“No, sir,” said Kerrigan. “She was too stunned. Near mute with terror, she was. It’ll be a long time before she has an easy night’s sleep again, I can tell you.”
Me, too, thought Banks, but he didn’t say anything about that. “Right,” he said. “You did a good job, Constable Kerrigan. You can go now. Stick around the station for now. We might need to talk to you again.”
“Of course, sir. Thank you, sir.”
PC Kerrigan left and no one said anything for a while. Finally, Gervaise said, “Anyone met Templeton’s parents? I understand they live in Salford.”
“That’s right,” said Banks. “I met them once, a few years back, when they came to Eastvale to visit him. Nice couple. I got the impression he didn’t get along very well with them, though. He never said much about them. They’ll have to be told.”
“I’ll see to it,” said Gervaise. “I know DS Templeton wasn’t exactly the most popular detective in the station,” she went on, “but I know that won’t stop anyone from doing their jobs.” She stared pointedly at Winsome, who said nothing. “Right, then,” Gervaise said. “As long as that’s understood, we can get down to work.
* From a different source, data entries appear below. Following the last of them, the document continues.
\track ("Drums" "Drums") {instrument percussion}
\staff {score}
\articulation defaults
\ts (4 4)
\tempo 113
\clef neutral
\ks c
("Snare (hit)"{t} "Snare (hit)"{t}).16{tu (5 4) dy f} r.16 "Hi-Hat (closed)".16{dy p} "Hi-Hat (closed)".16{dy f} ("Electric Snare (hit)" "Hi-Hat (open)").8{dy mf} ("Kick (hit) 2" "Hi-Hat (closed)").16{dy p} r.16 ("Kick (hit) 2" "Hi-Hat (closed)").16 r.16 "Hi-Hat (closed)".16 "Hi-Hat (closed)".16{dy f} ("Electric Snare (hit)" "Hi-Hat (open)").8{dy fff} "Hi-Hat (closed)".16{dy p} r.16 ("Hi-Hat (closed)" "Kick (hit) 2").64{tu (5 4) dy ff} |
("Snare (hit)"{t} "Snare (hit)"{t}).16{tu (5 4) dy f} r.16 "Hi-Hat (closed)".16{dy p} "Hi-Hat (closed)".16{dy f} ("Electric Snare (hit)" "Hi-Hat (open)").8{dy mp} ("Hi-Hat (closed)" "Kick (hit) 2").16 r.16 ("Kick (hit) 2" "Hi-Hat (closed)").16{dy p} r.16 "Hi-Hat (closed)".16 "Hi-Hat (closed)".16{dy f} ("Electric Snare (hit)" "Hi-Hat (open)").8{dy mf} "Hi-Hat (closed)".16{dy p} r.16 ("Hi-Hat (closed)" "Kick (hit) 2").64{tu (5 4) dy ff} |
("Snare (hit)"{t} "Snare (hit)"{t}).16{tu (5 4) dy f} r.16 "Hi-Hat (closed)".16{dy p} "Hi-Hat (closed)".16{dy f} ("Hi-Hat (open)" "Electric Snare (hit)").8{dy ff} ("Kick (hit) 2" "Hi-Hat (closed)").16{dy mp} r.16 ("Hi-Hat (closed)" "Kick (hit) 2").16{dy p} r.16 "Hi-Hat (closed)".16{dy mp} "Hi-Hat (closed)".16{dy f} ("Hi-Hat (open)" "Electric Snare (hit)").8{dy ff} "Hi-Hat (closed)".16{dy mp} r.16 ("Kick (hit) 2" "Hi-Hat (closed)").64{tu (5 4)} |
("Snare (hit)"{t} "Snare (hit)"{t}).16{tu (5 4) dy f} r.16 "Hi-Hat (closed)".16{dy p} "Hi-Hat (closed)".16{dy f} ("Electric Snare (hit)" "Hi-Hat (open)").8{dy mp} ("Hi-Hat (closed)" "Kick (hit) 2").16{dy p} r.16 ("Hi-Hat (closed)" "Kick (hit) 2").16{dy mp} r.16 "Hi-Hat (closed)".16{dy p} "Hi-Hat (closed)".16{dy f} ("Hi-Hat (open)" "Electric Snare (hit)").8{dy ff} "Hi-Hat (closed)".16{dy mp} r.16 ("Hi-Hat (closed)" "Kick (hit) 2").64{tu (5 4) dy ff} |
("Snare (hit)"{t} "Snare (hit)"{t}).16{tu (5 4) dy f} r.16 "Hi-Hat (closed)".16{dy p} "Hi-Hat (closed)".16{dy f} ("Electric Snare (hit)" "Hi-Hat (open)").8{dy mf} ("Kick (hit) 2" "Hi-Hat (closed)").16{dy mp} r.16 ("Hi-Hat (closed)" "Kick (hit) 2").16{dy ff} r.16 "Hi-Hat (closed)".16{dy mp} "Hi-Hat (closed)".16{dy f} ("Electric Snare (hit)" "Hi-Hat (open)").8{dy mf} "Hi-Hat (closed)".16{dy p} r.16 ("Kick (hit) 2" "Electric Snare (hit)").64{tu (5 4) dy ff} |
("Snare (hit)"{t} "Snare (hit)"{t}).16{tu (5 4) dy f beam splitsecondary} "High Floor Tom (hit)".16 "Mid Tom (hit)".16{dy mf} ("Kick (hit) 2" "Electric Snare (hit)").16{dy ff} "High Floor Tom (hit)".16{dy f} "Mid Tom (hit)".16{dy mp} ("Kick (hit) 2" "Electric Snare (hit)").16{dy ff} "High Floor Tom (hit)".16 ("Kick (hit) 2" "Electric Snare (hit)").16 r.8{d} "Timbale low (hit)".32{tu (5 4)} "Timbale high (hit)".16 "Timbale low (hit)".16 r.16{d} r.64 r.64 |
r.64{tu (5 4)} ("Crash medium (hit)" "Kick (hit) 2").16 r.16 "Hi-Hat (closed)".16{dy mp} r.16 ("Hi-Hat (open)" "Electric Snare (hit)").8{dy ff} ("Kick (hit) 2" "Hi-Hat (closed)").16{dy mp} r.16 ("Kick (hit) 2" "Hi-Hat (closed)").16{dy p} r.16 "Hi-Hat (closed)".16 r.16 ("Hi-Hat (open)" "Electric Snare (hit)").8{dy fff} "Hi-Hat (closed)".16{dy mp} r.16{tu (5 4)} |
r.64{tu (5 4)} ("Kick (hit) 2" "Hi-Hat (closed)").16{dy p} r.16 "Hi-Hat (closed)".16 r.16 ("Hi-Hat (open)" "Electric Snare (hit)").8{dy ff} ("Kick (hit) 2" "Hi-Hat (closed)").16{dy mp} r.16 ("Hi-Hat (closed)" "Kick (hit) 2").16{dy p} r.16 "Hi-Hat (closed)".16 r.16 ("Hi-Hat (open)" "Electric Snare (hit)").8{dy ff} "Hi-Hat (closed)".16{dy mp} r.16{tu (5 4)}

Any theories?”
“Well,” said Banks, “first of all we have to ask ourselves what Kev was doing in The Maze close to midnight.”
“You’re implying that he was about to rape and kill Chelsea Pilton?” Gervaise said.
“Not at all,” Banks answered, “though we’d be remiss in our duties if we failed to acknowledge that possibility.”
“Pushing that unpleasant thought aside for a moment,” Gervaise said, “do you have any other theories for us to consider?”
“Assuming that Kev wasn’t The Maze killer,” Banks said, “I think it’s a pretty good guess that he was there because he hoped he might catch him. Remember at the last meeting, how he was convinced it was a serial killer who’d strike again soon in the same area?”
“And I ridiculed him,” said Gervaise. “Yes, I don’t need reminding.”
“I don’t mean to do that, ma’am,” said Banks. “You were right. We had no evidence to justify the expense of a full saturation operation. But it does appear rather as if Templeton took matters on himself.”
“Our Dr. Wallace agreed with him, too, as I remember,” said Gervaise.
“I’m not arguing right and wrong here,” Banks said. “I’m just trying to ascertain why Templeton was where he was.”
Gervaise nodded brusquely. “Go on.”
“I think he might have been there late on Friday, too,” Banks added. “I remember he was a bit peaky and tired yesterday, dragging his feet. I thought he’d been clubbing, woke up with a hangover, and I gave him a bollocking. He didn’t disabuse me of the notion.” Banks knew that his last words to Templeton had been harsh—something about growing up and behaving like a professional—and he also now knew that they had been unjustified, though how professional was it to wander a possible murder site alone and unarmed? Still, it didn’t make Banks feel any better.
He knew how Templeton rubbed most people the wrong way—accomplished women like Winsome and Annie in particular, and parents of difficult teenagers. No doubt there were some personal issues there. He could also be a racist, sexist bastard, and he had a personality that would steamroller over a person’s finer feelings if he thought it would get him what he wanted. Sometimes you had to do that to a certain extent, Banks knew—he had even done it himself with Malcolm Austin—but Templeton didn’t only do it out of necessity; he also seemed to take great relish in it. Even Banks had seen him reduce witnesses to tears or rage on occasion, and Winsome and Annie had seen it happen far more often.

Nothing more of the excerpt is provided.